Task description: Every line of the material that mentions the word "China" should be copied out.

Entries supplied:
————————

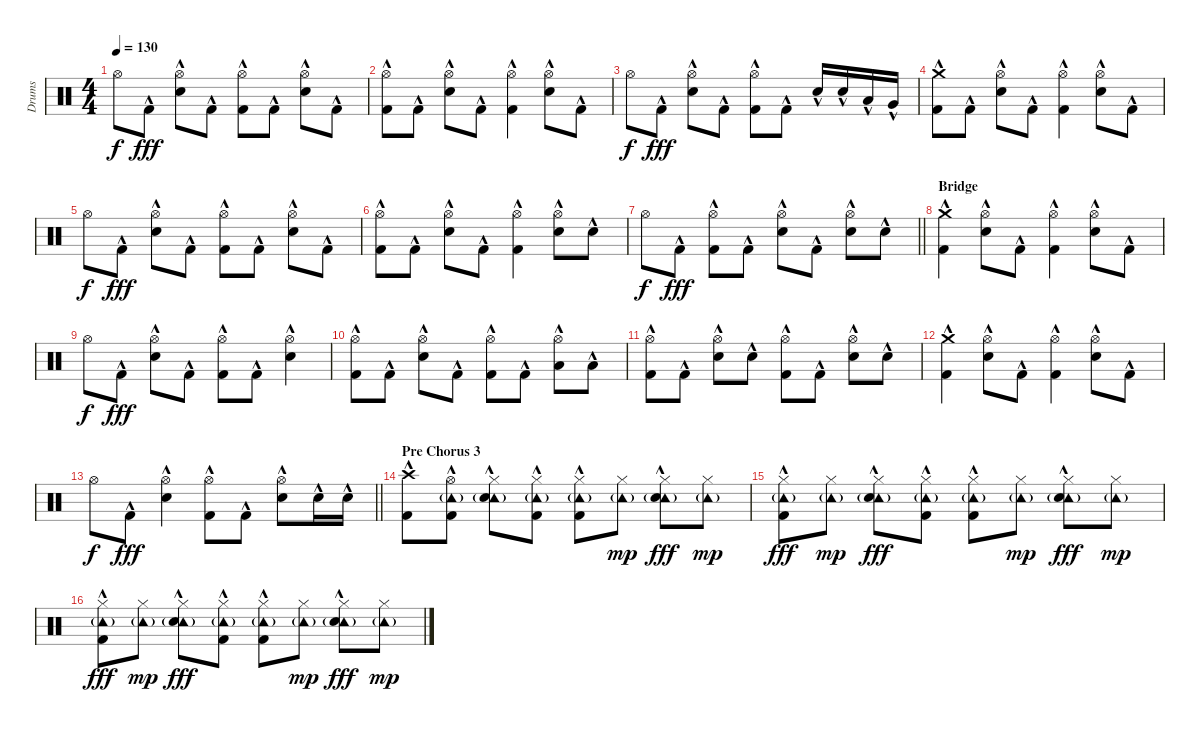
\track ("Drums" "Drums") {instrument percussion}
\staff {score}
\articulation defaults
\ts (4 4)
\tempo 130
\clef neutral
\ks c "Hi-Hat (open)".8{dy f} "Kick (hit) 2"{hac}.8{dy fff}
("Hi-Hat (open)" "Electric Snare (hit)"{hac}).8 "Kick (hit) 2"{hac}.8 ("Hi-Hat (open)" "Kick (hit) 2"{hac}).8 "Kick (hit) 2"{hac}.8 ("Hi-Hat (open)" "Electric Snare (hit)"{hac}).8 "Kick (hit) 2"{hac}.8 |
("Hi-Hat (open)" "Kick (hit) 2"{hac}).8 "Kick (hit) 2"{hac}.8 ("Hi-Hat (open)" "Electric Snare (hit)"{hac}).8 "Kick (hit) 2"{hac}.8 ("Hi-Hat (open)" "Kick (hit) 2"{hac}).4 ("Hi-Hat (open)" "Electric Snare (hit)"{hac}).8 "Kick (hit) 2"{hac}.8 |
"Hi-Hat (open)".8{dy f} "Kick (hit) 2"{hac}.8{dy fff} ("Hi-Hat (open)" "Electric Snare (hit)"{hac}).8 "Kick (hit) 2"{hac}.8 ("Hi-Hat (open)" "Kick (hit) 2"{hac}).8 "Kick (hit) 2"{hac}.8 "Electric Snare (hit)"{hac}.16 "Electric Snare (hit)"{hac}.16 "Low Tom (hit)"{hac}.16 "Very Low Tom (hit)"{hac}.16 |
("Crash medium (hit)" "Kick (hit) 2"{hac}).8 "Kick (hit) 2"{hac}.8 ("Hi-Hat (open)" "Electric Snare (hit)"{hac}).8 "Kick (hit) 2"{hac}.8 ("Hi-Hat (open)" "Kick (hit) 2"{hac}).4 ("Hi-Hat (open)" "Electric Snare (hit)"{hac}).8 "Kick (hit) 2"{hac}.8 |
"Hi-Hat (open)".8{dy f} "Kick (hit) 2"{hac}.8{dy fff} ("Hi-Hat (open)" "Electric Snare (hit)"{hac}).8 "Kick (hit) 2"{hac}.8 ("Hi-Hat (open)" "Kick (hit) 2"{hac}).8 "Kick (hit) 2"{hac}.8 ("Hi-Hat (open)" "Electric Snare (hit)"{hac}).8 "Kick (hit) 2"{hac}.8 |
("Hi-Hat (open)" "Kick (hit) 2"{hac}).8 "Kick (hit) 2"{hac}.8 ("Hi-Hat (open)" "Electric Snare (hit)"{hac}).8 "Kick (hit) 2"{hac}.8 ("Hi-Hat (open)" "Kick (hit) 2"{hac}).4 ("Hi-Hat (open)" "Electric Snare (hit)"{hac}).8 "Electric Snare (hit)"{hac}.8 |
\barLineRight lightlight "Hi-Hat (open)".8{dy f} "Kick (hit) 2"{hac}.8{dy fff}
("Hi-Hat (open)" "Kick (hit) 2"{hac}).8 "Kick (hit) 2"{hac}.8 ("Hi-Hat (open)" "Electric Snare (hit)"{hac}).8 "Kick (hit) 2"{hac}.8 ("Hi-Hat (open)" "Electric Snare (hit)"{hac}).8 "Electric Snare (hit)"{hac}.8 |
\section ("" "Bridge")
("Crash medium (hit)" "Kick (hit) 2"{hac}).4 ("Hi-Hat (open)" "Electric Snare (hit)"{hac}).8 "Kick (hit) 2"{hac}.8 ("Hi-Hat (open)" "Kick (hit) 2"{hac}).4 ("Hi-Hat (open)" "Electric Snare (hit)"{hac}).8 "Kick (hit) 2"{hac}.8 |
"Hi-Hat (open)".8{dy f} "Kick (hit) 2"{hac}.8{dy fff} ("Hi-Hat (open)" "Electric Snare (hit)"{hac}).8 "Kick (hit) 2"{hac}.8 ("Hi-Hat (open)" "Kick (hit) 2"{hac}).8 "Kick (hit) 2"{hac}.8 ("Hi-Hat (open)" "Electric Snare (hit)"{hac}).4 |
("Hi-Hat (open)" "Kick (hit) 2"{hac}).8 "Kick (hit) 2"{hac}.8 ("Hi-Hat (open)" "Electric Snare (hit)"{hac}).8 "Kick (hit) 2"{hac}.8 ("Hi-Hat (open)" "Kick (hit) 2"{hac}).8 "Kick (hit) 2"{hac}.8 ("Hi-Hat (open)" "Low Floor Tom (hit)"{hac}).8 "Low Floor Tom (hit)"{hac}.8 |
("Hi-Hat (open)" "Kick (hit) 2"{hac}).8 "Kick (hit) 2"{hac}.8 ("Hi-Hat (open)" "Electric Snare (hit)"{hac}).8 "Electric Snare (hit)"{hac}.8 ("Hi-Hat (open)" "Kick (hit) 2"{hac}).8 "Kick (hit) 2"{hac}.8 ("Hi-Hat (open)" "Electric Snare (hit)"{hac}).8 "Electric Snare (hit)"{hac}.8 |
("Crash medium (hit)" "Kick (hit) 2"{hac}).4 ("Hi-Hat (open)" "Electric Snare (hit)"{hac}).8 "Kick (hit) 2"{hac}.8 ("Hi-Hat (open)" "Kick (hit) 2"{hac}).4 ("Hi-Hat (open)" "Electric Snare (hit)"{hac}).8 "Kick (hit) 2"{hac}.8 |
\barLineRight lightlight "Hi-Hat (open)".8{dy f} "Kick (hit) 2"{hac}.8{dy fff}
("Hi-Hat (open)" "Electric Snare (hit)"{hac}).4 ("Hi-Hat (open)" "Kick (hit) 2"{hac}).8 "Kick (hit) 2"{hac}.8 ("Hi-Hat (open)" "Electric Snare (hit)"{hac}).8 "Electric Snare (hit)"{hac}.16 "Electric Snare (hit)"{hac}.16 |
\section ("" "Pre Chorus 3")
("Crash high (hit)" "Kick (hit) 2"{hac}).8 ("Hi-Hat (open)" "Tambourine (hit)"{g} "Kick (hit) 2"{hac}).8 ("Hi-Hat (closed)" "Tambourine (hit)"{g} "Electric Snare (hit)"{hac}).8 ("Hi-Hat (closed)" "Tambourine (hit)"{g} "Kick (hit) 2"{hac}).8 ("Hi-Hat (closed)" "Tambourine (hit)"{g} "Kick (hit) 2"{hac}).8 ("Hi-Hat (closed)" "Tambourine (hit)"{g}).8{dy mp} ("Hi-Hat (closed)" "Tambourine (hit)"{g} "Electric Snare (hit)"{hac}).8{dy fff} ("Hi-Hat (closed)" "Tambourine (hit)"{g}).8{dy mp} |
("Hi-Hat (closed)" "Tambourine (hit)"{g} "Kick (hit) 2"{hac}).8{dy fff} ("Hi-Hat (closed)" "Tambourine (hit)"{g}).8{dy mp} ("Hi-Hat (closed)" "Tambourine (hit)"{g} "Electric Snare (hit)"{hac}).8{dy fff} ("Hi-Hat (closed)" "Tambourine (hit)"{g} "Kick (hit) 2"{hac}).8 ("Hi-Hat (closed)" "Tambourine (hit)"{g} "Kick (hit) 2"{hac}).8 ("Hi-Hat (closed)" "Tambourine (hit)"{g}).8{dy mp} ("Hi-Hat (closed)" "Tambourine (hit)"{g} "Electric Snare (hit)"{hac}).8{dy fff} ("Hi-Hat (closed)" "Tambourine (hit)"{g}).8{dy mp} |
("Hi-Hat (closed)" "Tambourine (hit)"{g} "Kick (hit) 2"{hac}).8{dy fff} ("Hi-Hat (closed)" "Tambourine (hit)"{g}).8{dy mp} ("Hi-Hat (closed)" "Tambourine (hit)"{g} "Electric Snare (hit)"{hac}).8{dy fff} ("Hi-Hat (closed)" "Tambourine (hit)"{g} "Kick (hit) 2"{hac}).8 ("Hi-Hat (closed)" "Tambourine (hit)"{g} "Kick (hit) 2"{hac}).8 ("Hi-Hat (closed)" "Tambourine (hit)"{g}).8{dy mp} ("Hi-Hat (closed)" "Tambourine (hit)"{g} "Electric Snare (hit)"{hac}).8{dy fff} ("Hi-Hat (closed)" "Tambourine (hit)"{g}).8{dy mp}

————————

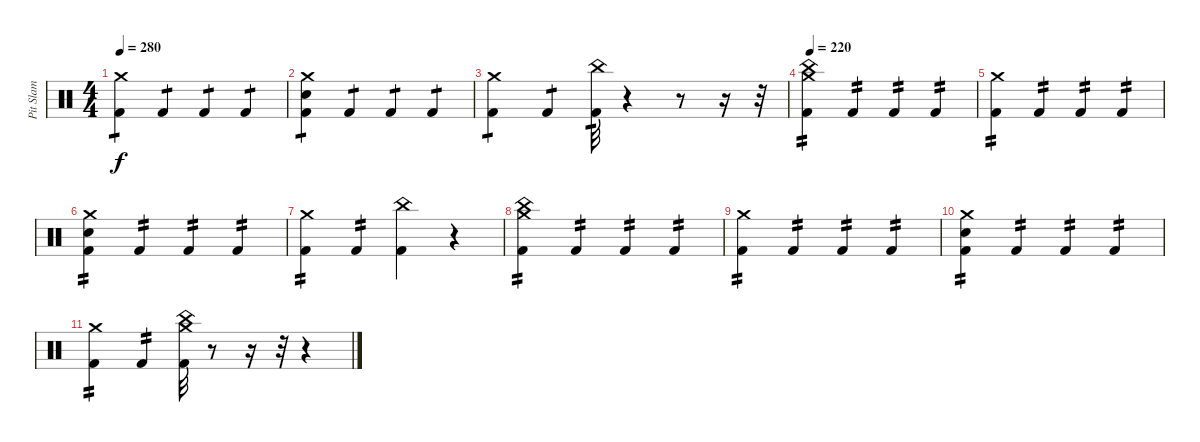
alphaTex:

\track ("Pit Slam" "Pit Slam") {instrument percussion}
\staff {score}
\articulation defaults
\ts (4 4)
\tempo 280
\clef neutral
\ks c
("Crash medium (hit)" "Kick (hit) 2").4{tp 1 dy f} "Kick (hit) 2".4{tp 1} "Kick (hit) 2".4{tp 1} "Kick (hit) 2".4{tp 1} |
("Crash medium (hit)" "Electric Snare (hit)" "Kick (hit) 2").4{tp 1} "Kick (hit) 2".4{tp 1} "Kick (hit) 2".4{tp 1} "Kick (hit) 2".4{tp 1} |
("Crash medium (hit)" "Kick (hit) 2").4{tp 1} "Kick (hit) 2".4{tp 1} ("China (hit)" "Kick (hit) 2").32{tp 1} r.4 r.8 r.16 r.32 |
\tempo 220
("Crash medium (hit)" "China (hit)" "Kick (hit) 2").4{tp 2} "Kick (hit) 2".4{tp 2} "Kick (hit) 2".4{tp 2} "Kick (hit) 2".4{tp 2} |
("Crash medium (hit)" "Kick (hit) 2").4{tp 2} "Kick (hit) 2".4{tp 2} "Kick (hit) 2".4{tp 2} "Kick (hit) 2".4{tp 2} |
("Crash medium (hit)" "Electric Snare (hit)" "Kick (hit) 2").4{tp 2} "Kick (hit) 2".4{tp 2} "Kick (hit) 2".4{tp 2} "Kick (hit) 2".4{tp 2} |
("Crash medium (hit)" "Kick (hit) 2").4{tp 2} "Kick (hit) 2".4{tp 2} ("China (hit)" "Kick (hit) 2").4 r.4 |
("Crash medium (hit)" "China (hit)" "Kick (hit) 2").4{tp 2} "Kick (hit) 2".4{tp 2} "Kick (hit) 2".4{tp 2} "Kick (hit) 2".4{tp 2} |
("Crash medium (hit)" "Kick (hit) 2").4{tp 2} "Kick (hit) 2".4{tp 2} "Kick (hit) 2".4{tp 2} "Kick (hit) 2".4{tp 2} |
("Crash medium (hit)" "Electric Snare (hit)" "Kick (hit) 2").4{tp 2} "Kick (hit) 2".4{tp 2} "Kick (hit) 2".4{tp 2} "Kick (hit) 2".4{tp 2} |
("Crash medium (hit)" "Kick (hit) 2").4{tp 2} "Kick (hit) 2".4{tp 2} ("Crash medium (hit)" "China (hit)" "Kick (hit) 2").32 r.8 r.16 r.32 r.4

————————

Solution to this problem:
("Crash medium (hit)" "Kick (hit) 2").4{tp 1} "Kick (hit) 2".4{tp 1} ("China (hit)" "Kick (hit) 2").32{tp 1} r.4 r.8 r.16 r.32 |
("Crash medium (hit)" "China (hit)" "Kick (hit) 2").4{tp 2} "Kick (hit) 2".4{tp 2} "Kick (hit) 2".4{tp 2} "Kick (hit) 2".4{tp 2} |
("Crash medium (hit)" "Kick (hit) 2").4{tp 2} "Kick (hit) 2".4{tp 2} ("China (hit)" "Kick (hit) 2").4 r.4 |
("Crash medium (hit)" "China (hit)" "Kick (hit) 2").4{tp 2} "Kick (hit) 2".4{tp 2} "Kick (hit) 2".4{tp 2} "Kick (hit) 2".4{tp 2} |
("Crash medium (hit)" "Kick (hit) 2").4{tp 2} "Kick (hit) 2".4{tp 2} ("Crash medium (hit)" "China (hit)" "Kick (hit) 2").32 r.8 r.16 r.32 r.4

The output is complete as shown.